# Repticon NC 1/8/11



## eazyezcape (Nov 29, 2010)

Anyone going to make an appearance at the Repticon in Charlotte/Concord NC on January 8-9th? 

I made it to one show this year in Columbia, SC and looking forward to make the trip to NC. Hope to see a few of you there.

Eric 
Lexington, SC

Wife 0.1.0
Cats 1.1.0
African dwarf frog 0.0.1
Lamp Eye Tetras 0.0.3
D. Azureus 0.0.1


----------



## davidadelp (Sep 29, 2010)

I may now that I know about it lol.


----------



## rcteem (Mar 24, 2009)

I may or may not be vending there...depends on when I move to D.C.


----------



## frogface (Feb 20, 2010)

You should check out this thread too: http://www.dendroboard.com/forum/southeast/60814-january-8-9-repticon-charlotte-nc.html


----------



## botanyboy03 (Apr 18, 2009)

I'm planning on being there. I'm looking to pick up a trio of R variabilis, my first thumb.


----------



## rcteem (Mar 24, 2009)

Dflorian has some and I got mine from him...great frogs!!! He will be vending there.


----------



## botanyboy03 (Apr 18, 2009)

rcteem said:


> Dflorian has some and I got mine from him...great frogs!!! He will be vending there.

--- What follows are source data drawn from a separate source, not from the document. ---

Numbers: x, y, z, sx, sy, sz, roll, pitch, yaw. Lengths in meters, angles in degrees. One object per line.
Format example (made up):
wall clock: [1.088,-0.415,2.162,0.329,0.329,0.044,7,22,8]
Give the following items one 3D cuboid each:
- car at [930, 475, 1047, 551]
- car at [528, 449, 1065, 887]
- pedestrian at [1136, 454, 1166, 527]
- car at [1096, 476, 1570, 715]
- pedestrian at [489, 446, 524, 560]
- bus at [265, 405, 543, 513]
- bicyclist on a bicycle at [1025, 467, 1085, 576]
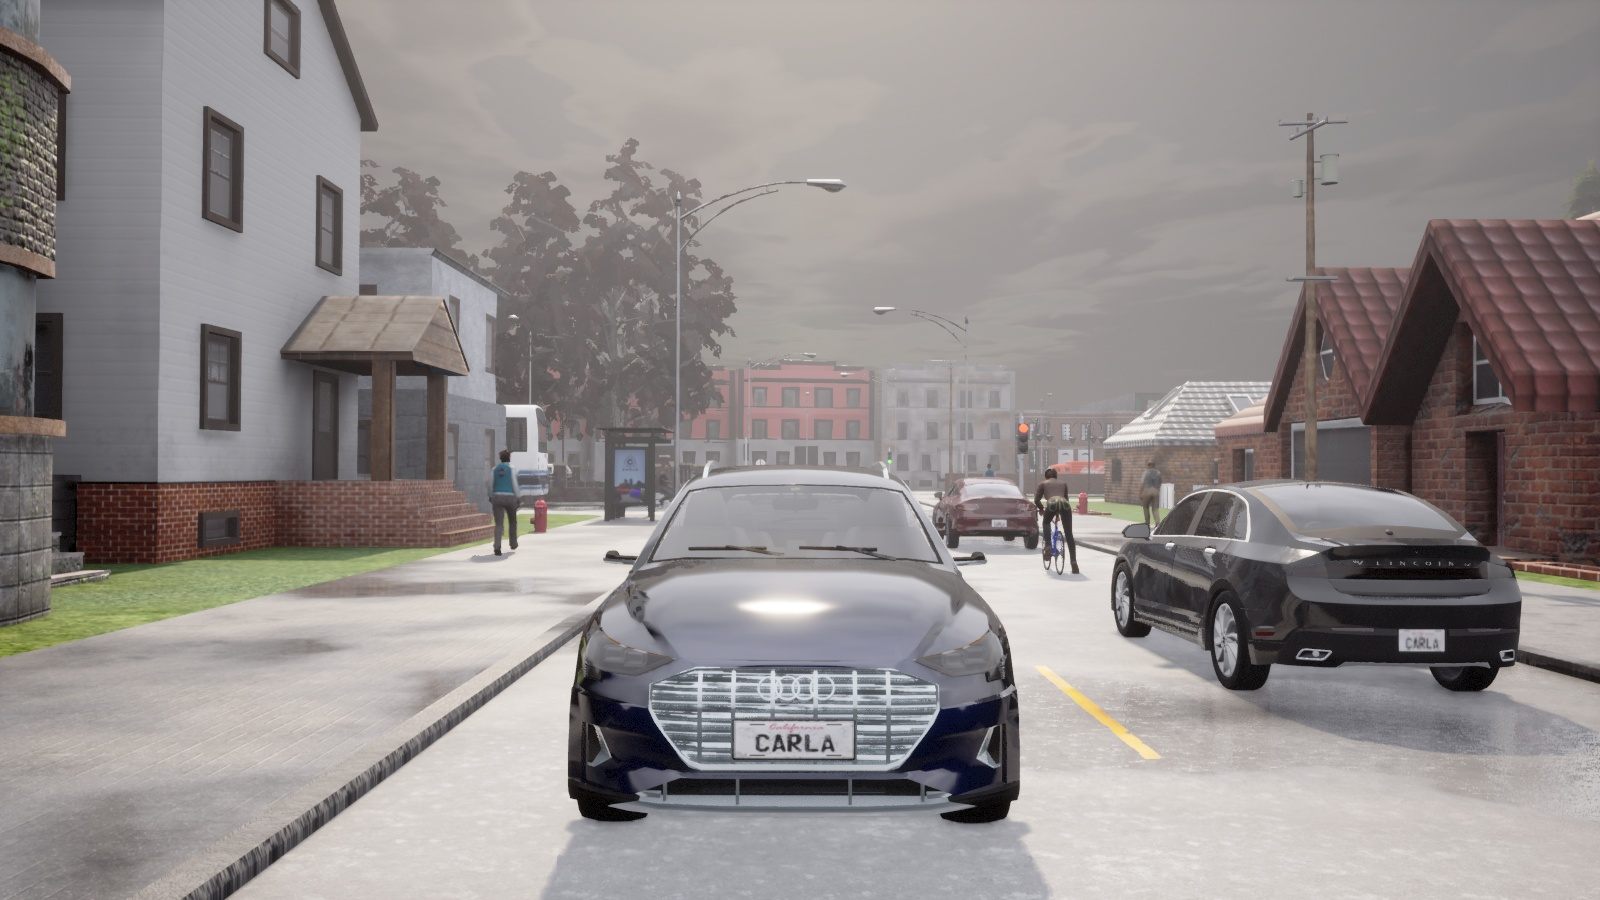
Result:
car: [3.920,1.274,26.825,1.812,1.442,4.674,0,-1,1]
car: [-0.020,0.865,7.198,2.033,1.649,4.856,0,-1,0]
pedestrian: [9.039,1.030,32.349,0.540,1.848,0.694,0,-1,-1]
car: [3.973,0.979,10.446,1.837,1.490,4.892,0,-1,0]
pedestrian: [-5.045,0.906,21.583,0.396,1.930,0.692,0,-1,5]
bus: [-16.065,0.369,51.740,10.273,4.253,3.944,0,-1,-4]
bicyclist on a bicycle: [3.948,1.079,19.545,0.582,1.620,1.656,0,-1,0]
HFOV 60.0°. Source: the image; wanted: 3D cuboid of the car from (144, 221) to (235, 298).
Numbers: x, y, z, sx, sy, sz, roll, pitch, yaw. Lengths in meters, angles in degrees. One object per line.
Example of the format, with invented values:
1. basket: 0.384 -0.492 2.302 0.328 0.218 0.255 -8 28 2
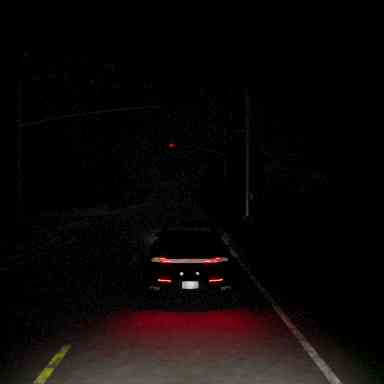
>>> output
1. car: -0.071 1.492 8.530 2.128 1.511 4.902 0 0 -1
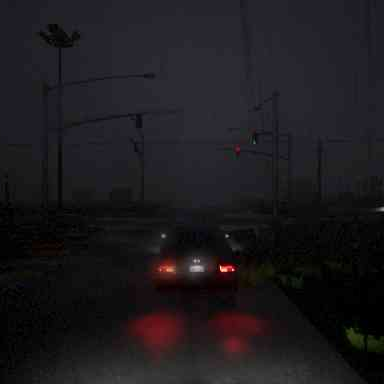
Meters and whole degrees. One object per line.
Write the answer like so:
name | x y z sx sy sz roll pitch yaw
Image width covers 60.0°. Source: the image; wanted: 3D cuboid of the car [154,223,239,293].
car | 0.090 1.547 8.996 2.033 1.411 5.357 0 0 0
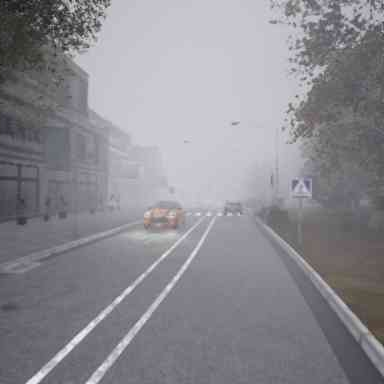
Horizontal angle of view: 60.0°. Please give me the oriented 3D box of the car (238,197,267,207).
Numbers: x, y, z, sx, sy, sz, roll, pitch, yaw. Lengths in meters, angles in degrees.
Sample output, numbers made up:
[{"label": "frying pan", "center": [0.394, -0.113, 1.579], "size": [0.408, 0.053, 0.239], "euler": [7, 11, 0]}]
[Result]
[{"label": "car", "center": [13.122, 2.133, 71.849], "size": [5.566, 2.045, 2.435], "euler": [2, -2, -15]}]

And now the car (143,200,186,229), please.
[{"label": "car", "center": [-1.683, 1.333, 21.485], "size": [2.097, 1.767, 4.553], "euler": [1, 0, 7]}]

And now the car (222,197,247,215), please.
[{"label": "car", "center": [4.290, 1.532, 34.624], "size": [2.128, 1.511, 4.902], "euler": [1, 0, 7]}]

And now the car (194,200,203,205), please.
[{"label": "car", "center": [1.711, 2.581, 83.008], "size": [1.994, 1.385, 4.181], "euler": [1, -1, 5]}]

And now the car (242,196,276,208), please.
[{"label": "car", "center": [12.101, 1.818, 60.030], "size": [5.566, 2.045, 2.435], "euler": [2, -1, -15]}]

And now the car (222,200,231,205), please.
[{"label": "car", "center": [9.112, 2.765, 88.257], "size": [2.033, 1.411, 5.357], "euler": [1, -1, 5]}]

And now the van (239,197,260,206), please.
[{"label": "van", "center": [13.925, 2.380, 80.727], "size": [4.442, 1.987, 1.878], "euler": [2, -2, -15]}]

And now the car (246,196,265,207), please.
[{"label": "car", "center": [11.909, 1.741, 57.109], "size": [5.566, 2.045, 2.435], "euler": [2, -2, -15]}]

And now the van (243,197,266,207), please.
[{"label": "van", "center": [12.960, 2.085, 68.926], "size": [4.442, 1.987, 1.878], "euler": [2, -2, -15]}]

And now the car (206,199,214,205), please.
[{"label": "car", "center": [4.503, 2.580, 82.796], "size": [1.812, 1.442, 4.674], "euler": [1, -1, 5]}]
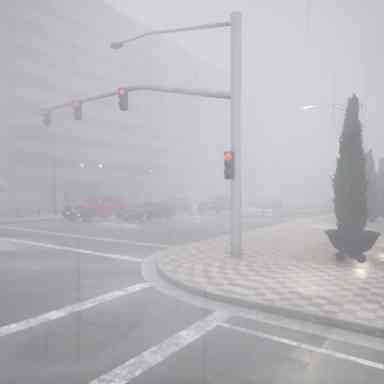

Yeah, Doug and I have been in contact regarding them.


----------



## LRobb88 (Dec 16, 2008)

I'm not a very frequent poster here but I'm planning on going and checking it out. I've only been to the Reptile and Exotic Animal Expos in Raleigh NC before. 

There are vendors there, right? Much of the website makes it seem just like an educational thing about reptiles and amphibs for kids or something. I'm looking to spend some cash so I don't want to make the drive if that won't happen!


----------



## billschwinn (Dec 17, 2008)

Under the Canopy will be vending there.


----------



## nyfrogs (May 1, 2005)

repticon also comes to Richmond VA the weekend after


----------



## LRobb88 (Dec 16, 2008)

It's a bad weekend for a show it sounds like--they're forecasting up to 10 inches of snow/sleet in a lot of places. Hope all the vendors can still make it!


----------



## botanyboy03 (Apr 18, 2009)

They aren't predicting all that much snow here, between 1 and 2 inches in the Concord area.


----------



## dflorian (May 15, 2009)

I can confirm that underthecanopyfarms is set up with some nice broms and a good selection of tincs. Carolinadartfrogs should be vending as well but i assume will be setting up in the morning before doors open for the VIP purchasers.


----------



## botanyboy03 (Apr 18, 2009)

yeah, as far as I know, Jeff is vending there, at least he was planning to when I was by his place on the 23rd. He lives about 30 minutes from me and it isnt that far to go to Concord from here.


----------